Segment Start: Data excerpts

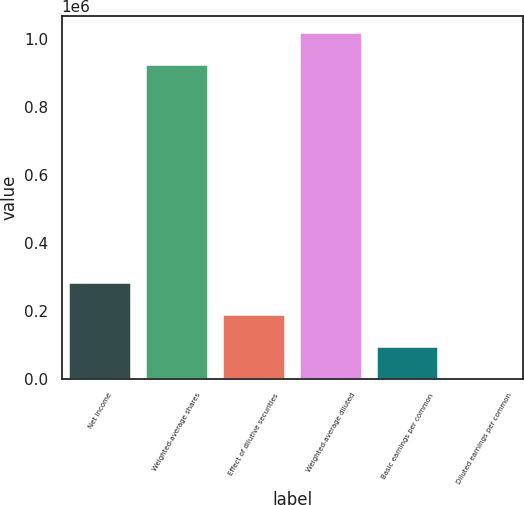Convert chart. <chart><loc_0><loc_0><loc_500><loc_500><bar_chart><fcel>Net income<fcel>Weighted-average shares<fcel>Effect of dilutive securities<fcel>Weighted-average diluted<fcel>Basic earnings per common<fcel>Diluted earnings per common<nl><fcel>281013<fcel>924258<fcel>187351<fcel>1.01792e+06<fcel>93689.4<fcel>27.68<nl></chart> 
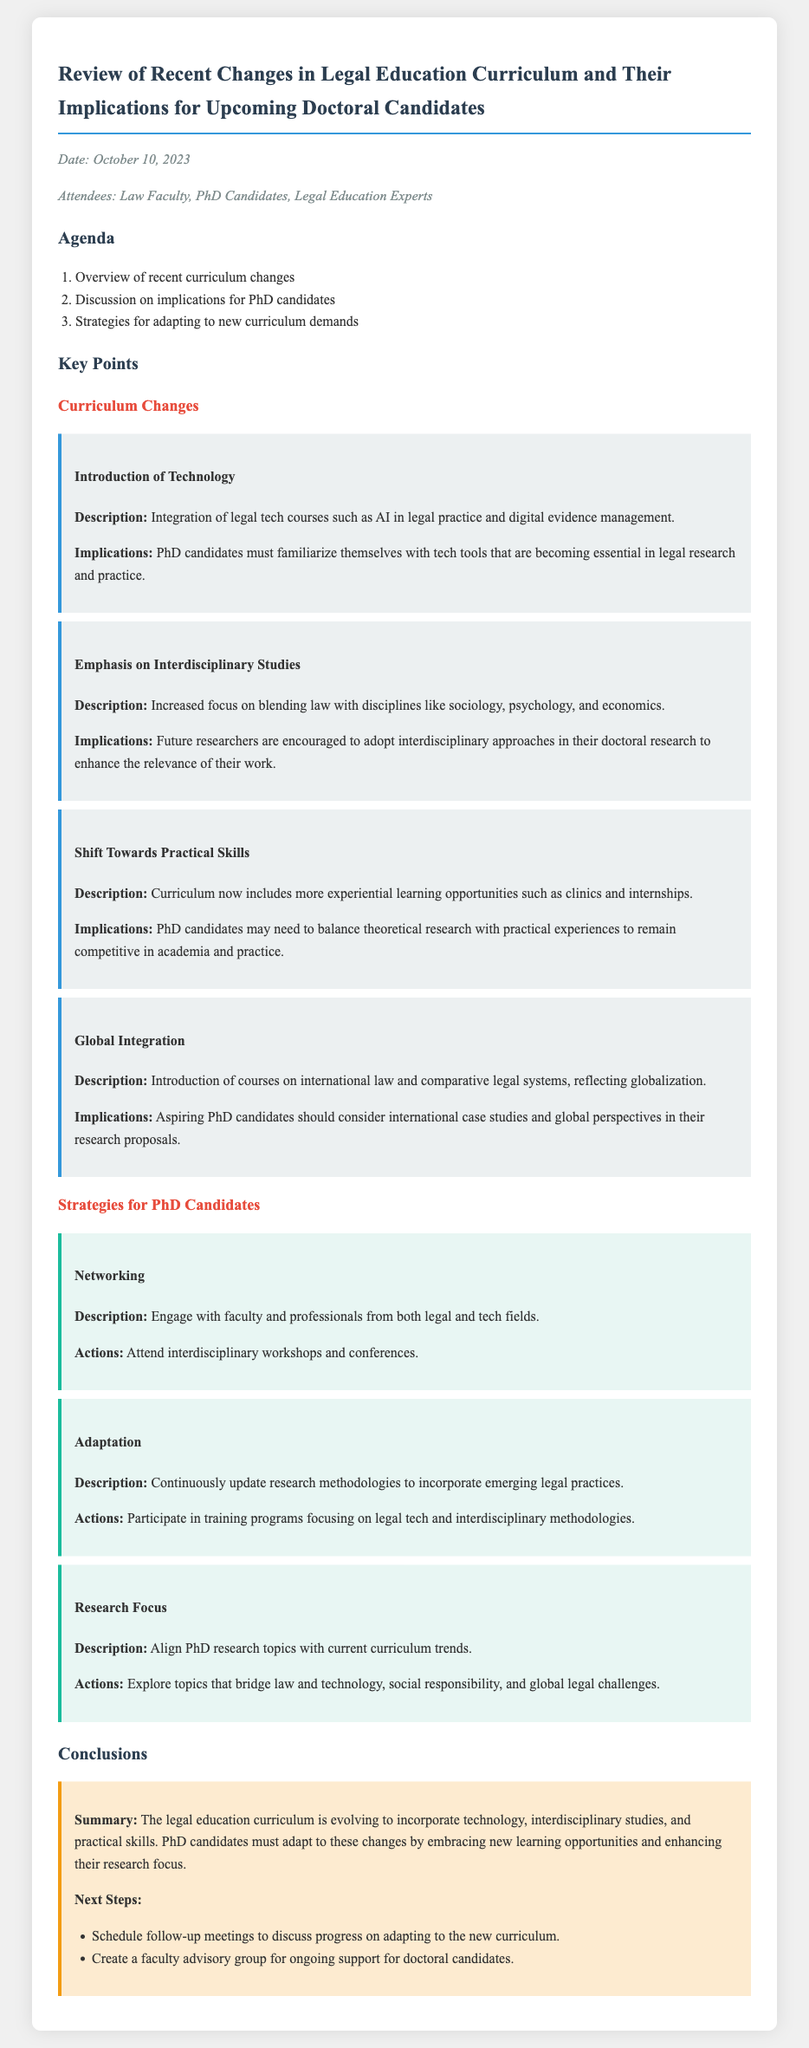What is the date of the meeting? The date of the meeting is explicitly mentioned in the document.
Answer: October 10, 2023 Who attended the meeting? The document lists the attendees of the meeting for clarity.
Answer: Law Faculty, PhD Candidates, Legal Education Experts What is one technology course introduced in the curriculum? The document provides specific examples of new courses added to the curriculum.
Answer: AI in legal practice What is emphasized in the curriculum changes besides technology? The key points detail multiple focal areas of the new curriculum.
Answer: Interdisciplinary Studies What type of learning opportunities are included in the new curriculum? The document specifies changes related to practical application in the curriculum.
Answer: Experiential learning opportunities What should PhD candidates focus on in their research topics? Strategies for adapting to the curriculum highlight areas of focus for PhD research.
Answer: Current curriculum trends What is the main implication of the shift towards practical skills? The document discusses how this shift affects PhD candidates' competitiveness.
Answer: Balance theoretical research with practical experiences What should PhD candidates engage in to enhance their networking? The document provides specific recommendations for networking actions.
Answer: Interdisciplinary workshops and conferences How will the faculty support doctoral candidates? The document outlines proposed next steps for ongoing support for PhD candidates.
Answer: Faculty advisory group 
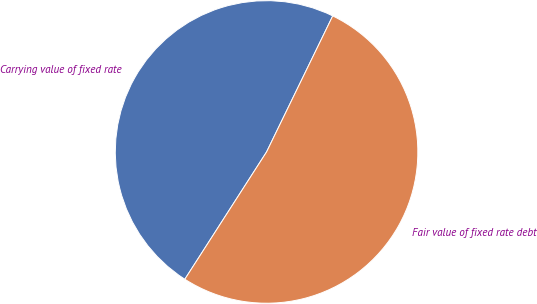<chart> <loc_0><loc_0><loc_500><loc_500><pie_chart><fcel>Carrying value of fixed rate<fcel>Fair value of fixed rate debt<nl><fcel>48.12%<fcel>51.88%<nl></chart> 
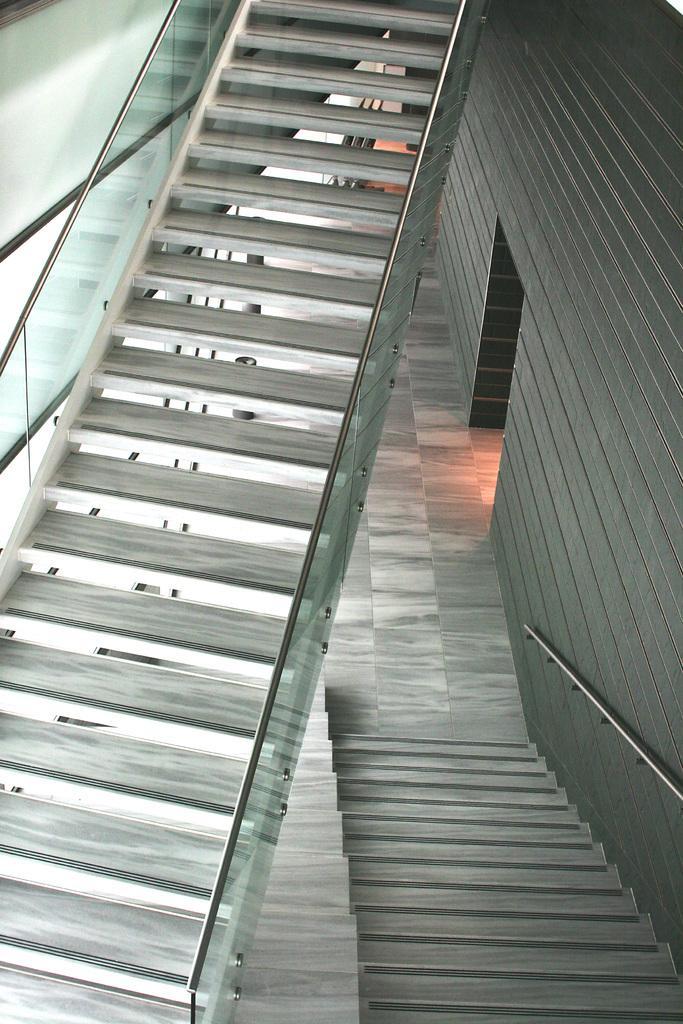Can you describe this image briefly? In this picture, we see staircases. On the right side of the picture, we see a building in brown color. On the left side of the picture, we see glass windows. 
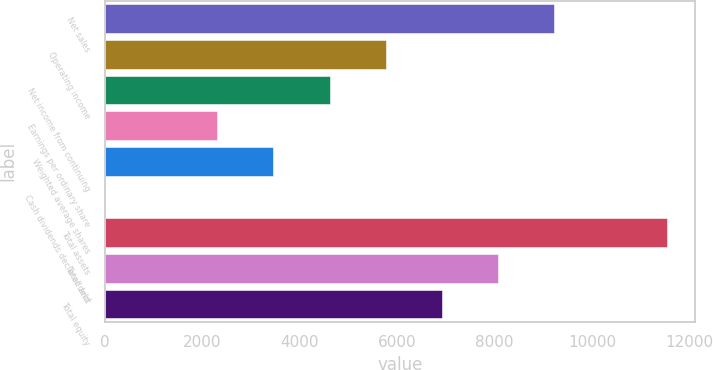Convert chart. <chart><loc_0><loc_0><loc_500><loc_500><bar_chart><fcel>Net sales<fcel>Operating income<fcel>Net income from continuing<fcel>Earnings per ordinary share<fcel>Weighted average shares<fcel>Cash dividends declared and<fcel>Total assets<fcel>Total debt<fcel>Total equity<nl><fcel>9227.94<fcel>5767.59<fcel>4614.14<fcel>2307.24<fcel>3460.69<fcel>0.34<fcel>11534.8<fcel>8074.49<fcel>6921.04<nl></chart>

Segment End: Data excerpts

- Work task
Each line above from the one containing "Answer: Faculty advisory group" through the one containing "fixed rate debt<nl><fcel>48.12%<fcel>51.88%<nl></chart>" is to be returned verbatim. Nothing else, and no pictures.

- Completed exercise
Answer: Faculty advisory group 
<chart> <loc_0><loc_0><loc_500><loc_500><pie_chart><fcel>Carrying value of fixed rate<fcel>Fair value of fixed rate debt<nl><fcel>48.12%<fcel>51.88%<nl></chart> 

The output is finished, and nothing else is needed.